→ **Task instructions**
When responding, copy every record below exactly as it appears.

→ **Records to use**
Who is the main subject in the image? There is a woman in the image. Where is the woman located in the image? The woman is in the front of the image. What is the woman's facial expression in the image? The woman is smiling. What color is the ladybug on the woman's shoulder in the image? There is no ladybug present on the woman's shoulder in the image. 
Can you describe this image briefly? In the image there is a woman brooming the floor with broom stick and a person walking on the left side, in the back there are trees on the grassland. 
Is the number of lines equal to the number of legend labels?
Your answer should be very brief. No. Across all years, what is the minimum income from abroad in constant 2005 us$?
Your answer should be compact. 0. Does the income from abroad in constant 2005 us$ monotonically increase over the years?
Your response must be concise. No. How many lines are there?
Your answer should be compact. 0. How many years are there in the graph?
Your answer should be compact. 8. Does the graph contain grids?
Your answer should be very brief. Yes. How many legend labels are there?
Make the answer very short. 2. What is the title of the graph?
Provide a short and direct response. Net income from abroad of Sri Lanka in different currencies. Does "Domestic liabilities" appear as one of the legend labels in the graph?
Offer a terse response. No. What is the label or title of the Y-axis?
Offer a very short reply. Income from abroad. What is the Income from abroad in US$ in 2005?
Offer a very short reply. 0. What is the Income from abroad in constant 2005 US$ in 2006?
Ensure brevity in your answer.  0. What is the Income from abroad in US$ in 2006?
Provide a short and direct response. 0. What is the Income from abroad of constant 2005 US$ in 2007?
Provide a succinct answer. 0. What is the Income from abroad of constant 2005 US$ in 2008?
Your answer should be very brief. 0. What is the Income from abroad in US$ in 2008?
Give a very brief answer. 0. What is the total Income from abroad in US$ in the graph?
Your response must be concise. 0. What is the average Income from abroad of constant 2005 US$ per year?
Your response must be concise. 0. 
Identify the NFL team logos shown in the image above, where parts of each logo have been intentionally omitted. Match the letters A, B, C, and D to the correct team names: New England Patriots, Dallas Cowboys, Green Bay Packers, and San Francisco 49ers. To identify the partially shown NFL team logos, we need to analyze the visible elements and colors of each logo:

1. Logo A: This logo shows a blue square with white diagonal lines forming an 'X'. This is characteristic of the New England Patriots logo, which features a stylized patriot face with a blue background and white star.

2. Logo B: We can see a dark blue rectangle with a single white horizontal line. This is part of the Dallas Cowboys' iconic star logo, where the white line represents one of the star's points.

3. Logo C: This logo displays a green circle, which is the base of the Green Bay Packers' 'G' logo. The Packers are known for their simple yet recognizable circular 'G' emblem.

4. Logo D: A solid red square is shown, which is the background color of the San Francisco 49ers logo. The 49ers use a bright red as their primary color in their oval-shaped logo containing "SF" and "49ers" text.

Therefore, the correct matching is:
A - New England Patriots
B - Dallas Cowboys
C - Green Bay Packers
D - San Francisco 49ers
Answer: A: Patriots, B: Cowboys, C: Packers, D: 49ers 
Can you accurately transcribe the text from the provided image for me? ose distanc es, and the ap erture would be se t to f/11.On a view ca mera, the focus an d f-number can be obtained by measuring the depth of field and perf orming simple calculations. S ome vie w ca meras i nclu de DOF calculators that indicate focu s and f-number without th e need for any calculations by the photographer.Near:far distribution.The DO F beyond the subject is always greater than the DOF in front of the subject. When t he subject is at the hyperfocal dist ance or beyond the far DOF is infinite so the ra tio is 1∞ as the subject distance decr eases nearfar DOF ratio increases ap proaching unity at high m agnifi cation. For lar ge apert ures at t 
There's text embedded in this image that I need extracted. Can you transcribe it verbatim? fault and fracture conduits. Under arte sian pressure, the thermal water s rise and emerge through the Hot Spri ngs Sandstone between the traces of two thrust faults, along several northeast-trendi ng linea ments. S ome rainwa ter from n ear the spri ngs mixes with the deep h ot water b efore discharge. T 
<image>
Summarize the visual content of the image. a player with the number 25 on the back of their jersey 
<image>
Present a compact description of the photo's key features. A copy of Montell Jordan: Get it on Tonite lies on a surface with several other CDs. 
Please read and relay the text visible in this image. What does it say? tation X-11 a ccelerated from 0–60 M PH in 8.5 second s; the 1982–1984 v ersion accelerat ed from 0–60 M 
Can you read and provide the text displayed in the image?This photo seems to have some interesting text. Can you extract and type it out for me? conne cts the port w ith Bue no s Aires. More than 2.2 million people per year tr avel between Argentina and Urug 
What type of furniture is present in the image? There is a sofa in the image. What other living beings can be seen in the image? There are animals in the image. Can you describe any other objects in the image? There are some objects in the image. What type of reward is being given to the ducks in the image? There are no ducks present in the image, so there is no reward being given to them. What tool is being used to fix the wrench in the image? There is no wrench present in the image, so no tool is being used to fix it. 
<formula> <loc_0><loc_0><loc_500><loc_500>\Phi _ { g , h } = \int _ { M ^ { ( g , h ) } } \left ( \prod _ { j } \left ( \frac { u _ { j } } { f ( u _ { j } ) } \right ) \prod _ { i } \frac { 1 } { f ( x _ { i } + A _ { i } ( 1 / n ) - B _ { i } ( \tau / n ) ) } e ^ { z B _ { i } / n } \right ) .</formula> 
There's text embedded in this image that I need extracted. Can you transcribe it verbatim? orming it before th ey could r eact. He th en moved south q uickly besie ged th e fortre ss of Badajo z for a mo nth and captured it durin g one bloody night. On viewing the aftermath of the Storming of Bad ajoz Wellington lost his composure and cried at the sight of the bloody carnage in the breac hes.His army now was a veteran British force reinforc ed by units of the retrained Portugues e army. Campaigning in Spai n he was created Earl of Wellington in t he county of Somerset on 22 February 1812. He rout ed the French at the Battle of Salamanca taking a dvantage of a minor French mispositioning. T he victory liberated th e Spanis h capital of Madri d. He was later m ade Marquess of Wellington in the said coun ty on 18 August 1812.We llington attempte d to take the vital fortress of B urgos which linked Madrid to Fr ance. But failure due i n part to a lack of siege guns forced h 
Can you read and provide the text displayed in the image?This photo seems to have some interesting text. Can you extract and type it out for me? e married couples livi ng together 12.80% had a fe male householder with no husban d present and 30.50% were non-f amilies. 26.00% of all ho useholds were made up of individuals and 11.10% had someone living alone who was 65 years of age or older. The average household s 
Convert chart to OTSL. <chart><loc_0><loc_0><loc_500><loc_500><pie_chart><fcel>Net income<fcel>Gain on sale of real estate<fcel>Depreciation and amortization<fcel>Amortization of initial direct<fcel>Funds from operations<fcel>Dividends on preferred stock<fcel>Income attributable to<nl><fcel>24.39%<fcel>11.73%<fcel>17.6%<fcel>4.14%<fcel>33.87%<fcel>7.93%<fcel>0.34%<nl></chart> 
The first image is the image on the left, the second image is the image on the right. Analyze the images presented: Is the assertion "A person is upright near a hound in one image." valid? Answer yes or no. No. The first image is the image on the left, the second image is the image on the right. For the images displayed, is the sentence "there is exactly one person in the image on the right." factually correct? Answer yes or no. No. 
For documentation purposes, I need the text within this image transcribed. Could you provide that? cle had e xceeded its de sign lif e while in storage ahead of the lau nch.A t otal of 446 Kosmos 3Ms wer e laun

→ **Written answer**
Who is the main subject in the image? There is a woman in the image. Where is the woman located in the image? The woman is in the front of the image. What is the woman's facial expression in the image? The woman is smiling. What color is the ladybug on the woman's shoulder in the image? There is no ladybug present on the woman's shoulder in the image. 
Can you describe this image briefly? In the image there is a woman brooming the floor with broom stick and a person walking on the left side, in the back there are trees on the grassland. 
Is the number of lines equal to the number of legend labels?
Your answer should be very brief. No. Across all years, what is the minimum income from abroad in constant 2005 us$?
Your answer should be compact. 0. Does the income from abroad in constant 2005 us$ monotonically increase over the years?
Your response must be concise. No. How many lines are there?
Your answer should be compact. 0. How many years are there in the graph?
Your answer should be compact. 8. Does the graph contain grids?
Your answer should be very brief. Yes. How many legend labels are there?
Make the answer very short. 2. What is the title of the graph?
Provide a short and direct response. Net income from abroad of Sri Lanka in different currencies. Does "Domestic liabilities" appear as one of the legend labels in the graph?
Offer a terse response. No. What is the label or title of the Y-axis?
Offer a very short reply. Income from abroad. What is the Income from abroad in US$ in 2005?
Offer a very short reply. 0. What is the Income from abroad in constant 2005 US$ in 2006?
Ensure brevity in your answer.  0. What is the Income from abroad in US$ in 2006?
Provide a short and direct response. 0. What is the Income from abroad of constant 2005 US$ in 2007?
Provide a succinct answer. 0. What is the Income from abroad of constant 2005 US$ in 2008?
Your answer should be very brief. 0. What is the Income from abroad in US$ in 2008?
Give a very brief answer. 0. What is the total Income from abroad in US$ in the graph?
Your response must be concise. 0. What is the average Income from abroad of constant 2005 US$ per year?
Your response must be concise. 0. 
Identify the NFL team logos shown in the image above, where parts of each logo have been intentionally omitted. Match the letters A, B, C, and D to the correct team names: New England Patriots, Dallas Cowboys, Green Bay Packers, and San Francisco 49ers. To identify the partially shown NFL team logos, we need to analyze the visible elements and colors of each logo:

1. Logo A: This logo shows a blue square with white diagonal lines forming an 'X'. This is characteristic of the New England Patriots logo, which features a stylized patriot face with a blue background and white star.

2. Logo B: We can see a dark blue rectangle with a single white horizontal line. This is part of the Dallas Cowboys' iconic star logo, where the white line represents one of the star's points.

3. Logo C: This logo displays a green circle, which is the base of the Green Bay Packers' 'G' logo. The Packers are known for their simple yet recognizable circular 'G' emblem.

4. Logo D: A solid red square is shown, which is the background color of the San Francisco 49ers logo. The 49ers use a bright red as their primary color in their oval-shaped logo containing "SF" and "49ers" text.

Therefore, the correct matching is:
A - New England Patriots
B - Dallas Cowboys
C - Green Bay Packers
D - San Francisco 49ers
Answer: A: Patriots, B: Cowboys, C: Packers, D: 49ers 
Can you accurately transcribe the text from the provided image for me? ose distanc es, and the ap erture would be se t to f/11.On a view ca mera, the focus an d f-number can be obtained by measuring the depth of field and perf orming simple calculations. S ome vie w ca meras i nclu de DOF calculators that indicate focu s and f-number without th e need for any calculations by the photographer.Near:far distribution.The DO F beyond the subject is always greater than the DOF in front of the subject. When t he subject is at the hyperfocal dist ance or beyond the far DOF is infinite so the ra tio is 1∞ as the subject distance decr eases nearfar DOF ratio increases ap proaching unity at high m agnifi cation. For lar ge apert ures at t 
There's text embedded in this image that I need extracted. Can you transcribe it verbatim? fault and fracture conduits. Under arte sian pressure, the thermal water s rise and emerge through the Hot Spri ngs Sandstone between the traces of two thrust faults, along several northeast-trendi ng linea ments. S ome rainwa ter from n ear the spri ngs mixes with the deep h ot water b efore discharge. T 
<image>
Summarize the visual content of the image. a player with the number 25 on the back of their jersey 
<image>
Present a compact description of the photo's key features. A copy of Montell Jordan: Get it on Tonite lies on a surface with several other CDs. 
Please read and relay the text visible in this image. What does it say? tation X-11 a ccelerated from 0–60 M PH in 8.5 second s; the 1982–1984 v ersion accelerat ed from 0–60 M 
Can you read and provide the text displayed in the image?This photo seems to have some interesting text. Can you extract and type it out for me? conne cts the port w ith Bue no s Aires. More than 2.2 million people per year tr avel between Argentina and Urug 
What type of furniture is present in the image? There is a sofa in the image. What other living beings can be seen in the image? There are animals in the image. Can you describe any other objects in the image? There are some objects in the image. What type of reward is being given to the ducks in the image? There are no ducks present in the image, so there is no reward being given to them. What tool is being used to fix the wrench in the image? There is no wrench present in the image, so no tool is being used to fix it. 
<formula> <loc_0><loc_0><loc_500><loc_500>\Phi _ { g , h } = \int _ { M ^ { ( g , h ) } } \left ( \prod _ { j } \left ( \frac { u _ { j } } { f ( u _ { j } ) } \right ) \prod _ { i } \frac { 1 } { f ( x _ { i } + A _ { i } ( 1 / n ) - B _ { i } ( \tau / n ) ) } e ^ { z B _ { i } / n } \right ) .</formula> 
There's text embedded in this image that I need extracted. Can you transcribe it verbatim? orming it before th ey could r eact. He th en moved south q uickly besie ged th e fortre ss of Badajo z for a mo nth and captured it durin g one bloody night. On viewing the aftermath of the Storming of Bad ajoz Wellington lost his composure and cried at the sight of the bloody carnage in the breac hes.His army now was a veteran British force reinforc ed by units of the retrained Portugues e army. Campaigning in Spai n he was created Earl of Wellington in t he county of Somerset on 22 February 1812. He rout ed the French at the Battle of Salamanca taking a dvantage of a minor French mispositioning. T he victory liberated th e Spanis h capital of Madri d. He was later m ade Marquess of Wellington in the said coun ty on 18 August 1812.We llington attempte d to take the vital fortress of B urgos which linked Madrid to Fr ance. But failure due i n part to a lack of siege guns forced h 
Can you read and provide the text displayed in the image?This photo seems to have some interesting text. Can you extract and type it out for me? e married couples livi ng together 12.80% had a fe male householder with no husban d present and 30.50% were non-f amilies. 26.00% of all ho useholds were made up of individuals and 11.10% had someone living alone who was 65 years of age or older. The average household s 
Convert chart to OTSL. <chart><loc_0><loc_0><loc_500><loc_500><pie_chart><fcel>Net income<fcel>Gain on sale of real estate<fcel>Depreciation and amortization<fcel>Amortization of initial direct<fcel>Funds from operations<fcel>Dividends on preferred stock<fcel>Income attributable to<nl><fcel>24.39%<fcel>11.73%<fcel>17.6%<fcel>4.14%<fcel>33.87%<fcel>7.93%<fcel>0.34%<nl></chart> 
The first image is the image on the left, the second image is the image on the right. Analyze the images presented: Is the assertion "A person is upright near a hound in one image." valid? Answer yes or no. No. The first image is the image on the left, the second image is the image on the right. For the images displayed, is the sentence "there is exactly one person in the image on the right." factually correct? Answer yes or no. No. 
For documentation purposes, I need the text within this image transcribed. Could you provide that? cle had e xceeded its de sign lif e while in storage ahead of the lau nch.A t otal of 446 Kosmos 3Ms wer e laun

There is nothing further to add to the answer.